NDSU's Olin among nation's best javelin throwers after forced break from training
FARGO — Alyssa Olin looks to the south wall of North Dakota State's Shelly Ellig Indoor Track and Field Facility lined with banners of past NDSU All-Americans. The junior javelin thrower points to an empty spot on the wall next to the other banners.
"I want that banner up there," she said.
Olin, an All-Summit League thrower from Mott, N.D., is well on her way after breaking the NDSU record, which is also the seventh-best throw in Division I this season. But just a few months ago, Olin wasn't going to throw a javelin competitively again.
Around last Thanksgiving, Olin was taken to an emergency room, after losing feeling in her legs and collapsing while lifting weights. She was diagnosed with spinal stenosis, which puts pressure on the spinal cord and nerves in the spine, among other spinal defects.
Olin's doctor told her she shouldn't throw again.
"I was so heartbroken," Olin said. "You go from it being your whole world to nothing. I feel like I lost part of my heart. I was ripped away. It's not like you choose to be done. I felt lost."
Olin had faith she had more to give to the sport. Out of training for two months, she went to other doctors, including a neurosurgeon, and finally got medical approval, as long as she modified her training by relying more on machine lifting to ease the physical impact on her body.
Olin didn't fully throw again until early April, when she chalked up the second-best throw in NDSU's history at 160 feet, 8 inches for second place at the Stanford Invitational.
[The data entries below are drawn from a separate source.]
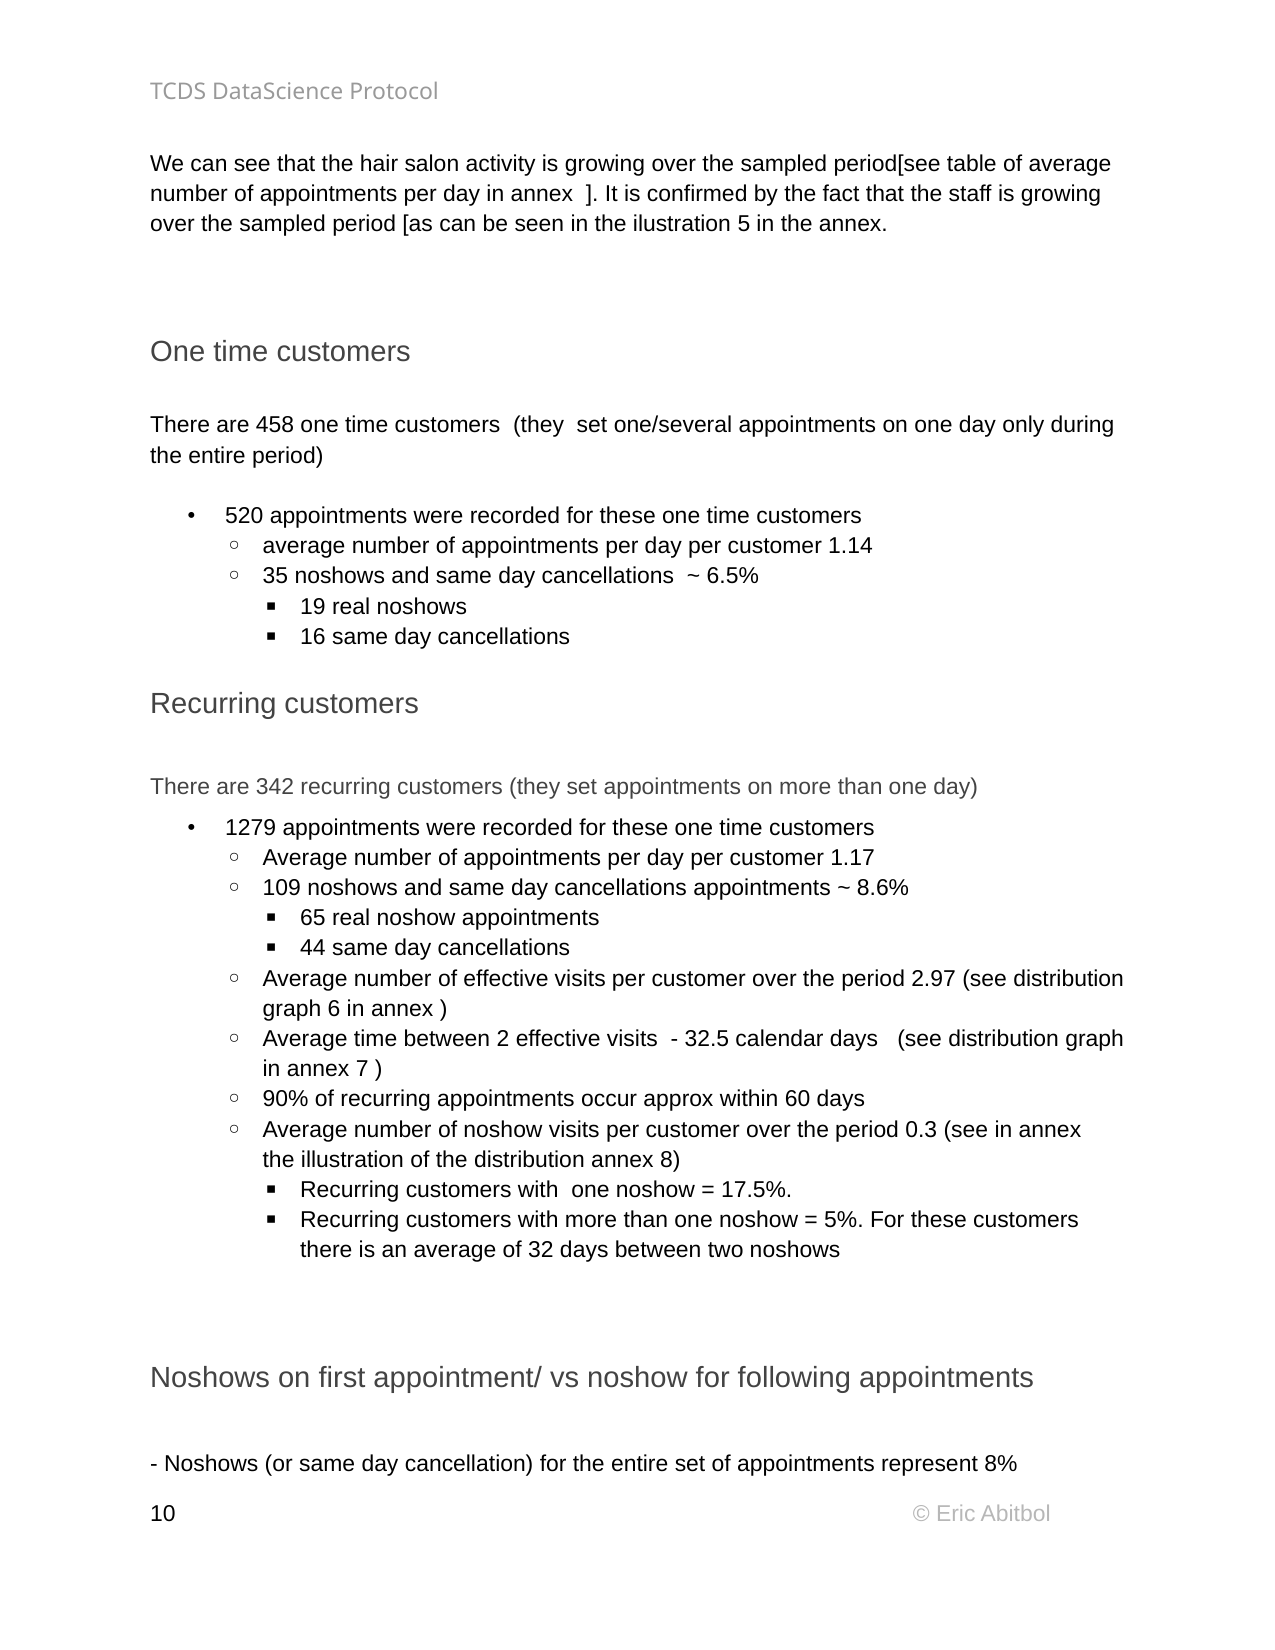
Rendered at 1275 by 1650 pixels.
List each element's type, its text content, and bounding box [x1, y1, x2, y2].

list 65 real noshow appointments [262, 904, 1125, 931]
subtitle Noshows on first appointment/ vs noshow for following appointments [150, 1360, 1125, 1394]
text We can see that the hair salon activity is growing over the sampled period[see table of average number of appointments per day in annex ]. It is confirmed by the fact that the staff is growing over the sampled period [as can be seen in the ilustration 5 in the annex. [150, 150, 1125, 237]
list 1279 appointments were recorded for these one time customers [187, 813, 1125, 840]
list 520 appointments were recorded for these one time customers [187, 502, 1125, 528]
list 44 same day cancellations [262, 934, 1125, 961]
list 19 real noshows [262, 593, 1125, 619]
list 16 same day cancellations [262, 623, 1125, 649]
list Recurring customers with more than one noshow = 5%. For these customers there is an average of 32 days between two noshows [262, 1206, 1125, 1263]
subtitle Recurring customers [150, 686, 1125, 720]
list 109 noshows and same day cancellations appointments ~ 8.6% [225, 874, 1125, 900]
list average number of appointments per day per customer 1.14 [225, 532, 1125, 559]
list 35 noshows and same day cancellations ~ 6.5% [225, 562, 1125, 589]
text There are 458 one time customers (they set one/several appointments on one day only during the entire period) [150, 411, 1125, 468]
list Recurring customers with one noshow = 17.5%. [262, 1176, 1125, 1202]
list Average number of noshow visits per customer over the period 0.3 (see in annex the illustration of the distribution annex 8) [225, 1116, 1125, 1172]
list Average time between 2 effective visits - 32.5 calendar days (see distribution graph in annex 7 ) [225, 1025, 1125, 1082]
list Average number of effective visits per customer over the period 2.97 (see distribution graph 6 in annex ) [225, 964, 1125, 1021]
subtitle There are 342 recurring customers (they set appointments on more than one day) [150, 767, 1125, 800]
list Average number of appointments per day per customer 1.17 [225, 844, 1125, 870]
list 90% of recurring appointments occur approx within 60 days [225, 1085, 1125, 1112]
text - Noshows (or same day cancellation) for the entire set of appointments represent 8% [150, 1450, 1125, 1476]
subtitle One time customers [150, 334, 1125, 368]

Olin believed that might be her best throw for the near future.
But Olin kept pushing and threw 174-5 on Friday, April 14, at Long Beach (Calif.) State's Invitational, breaking the previous NDSU javelin record by more than 3 feet and ranking her seventh in the country. At the Beach Invitational, Olin was second to NCAA leader Rebekah Wales of Louisiana State, who's thrown 188 feet.
"I just wanted to make it to the finals because these girls are throwing bombs," Olin said. "When I made it to finals, I was so much more relaxed. I went into that throw and hit everything right. It was a shock for sure."
Olin said she started throwing her sophomore year of high school to get out of sprint events, learning most of her technique from YouTube videos. Olin, who also played basketball and was an all-district volleyball player for Mott-Regent, went on to become the North Dakota Class B state runner-up in the javelin her junior and senior seasons.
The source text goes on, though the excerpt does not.